Battlespace Tech
Pentagon awards deal for non-GPS precision guidance
The U.S. military has been looking for new ways to reduce its heavy reliance on the Global Positioning System (GPS) to provide precision guidance and navigation for munitions. Military planners worry that GPS dependence creates a critical vulnerability for weapons when signals are degraded by jamming or natural interference.
Those concerns prompted the Defense Advanced Research Projects Agency to begin looking at miniature inertial sensor technology as a way to provide "self-contained" inertial navigation for precise guidance in the absence of GPS.
That translates into cheap, small, low-power positioning, navigation and timing devices capable of operating on the battlefield. To meet the requirement, DARPA's Microsystems Technology Office began soliciting proposals last year for an effort called "Precise Robust Inertial Guidance for Munitions: Advanced Inertial Micro Sensors." The program aims to develop precise navigation for guided munitions "in the absence of external navigation aids" like GPS.
The DARPA office took another step towards reducing the military's dependence on GPS via a contract award this week to HRL Laboratories to develop vibration- and shock-tolerant inertial sensor technology that could eventually deliver the precise guidance and navigation required without relying on GPS.
Under a $4.3 million contract, HRL's Atlas project will combine a micro-electromechanical system (MEMS)-based sensor called a Coriolis Vibratory Gyroscope (CVG) with a frequency reference derived from an extremely accurate atomic clock. The technique is designed to exploit the accuracy of an "atomic hyperfine transition frequency," the research lab said.
"The engineering challenge lies in developing a system architecture to transfer the stability from the atomic reference to the CVG sensor without introducing unintended noise," said Logan Sorenson, principal investigator in HRL’s Sensors and Materials Laboratory.
Boeing and General Motors own HRL Laboratories, which is based in Malibu, Calif.
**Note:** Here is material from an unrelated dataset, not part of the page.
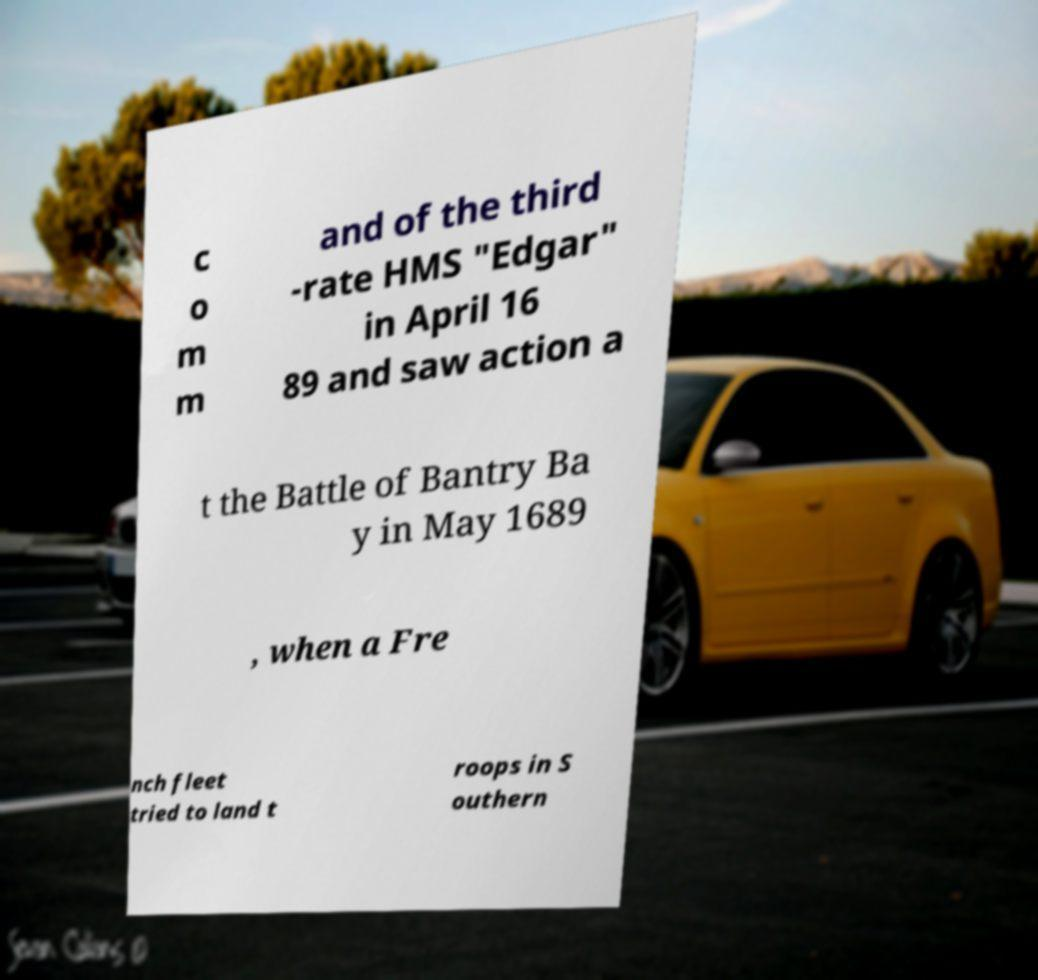Can you read and provide the text displayed in the image?This photo seems to have some interesting text. Can you extract and type it out for me? c o m m and of the third -rate HMS "Edgar" in April 16 89 and saw action a t the Battle of Bantry Ba y in May 1689 , when a Fre nch fleet tried to land t roops in S outhern

DARPA noted that recent advances in symmetric MEMS structures, integrated photonics and the use of optics to measure force and position "create new opportunities for novel modalities for sensing rotation and acceleration, the building blocks of inertial navigation.”
The agency added that 2D and 3D MEMS-based platforms using the Coriolis approach could yield advanced, autonomous gyroscopes that could deliver precision guidance equal to or better than current GPS methods.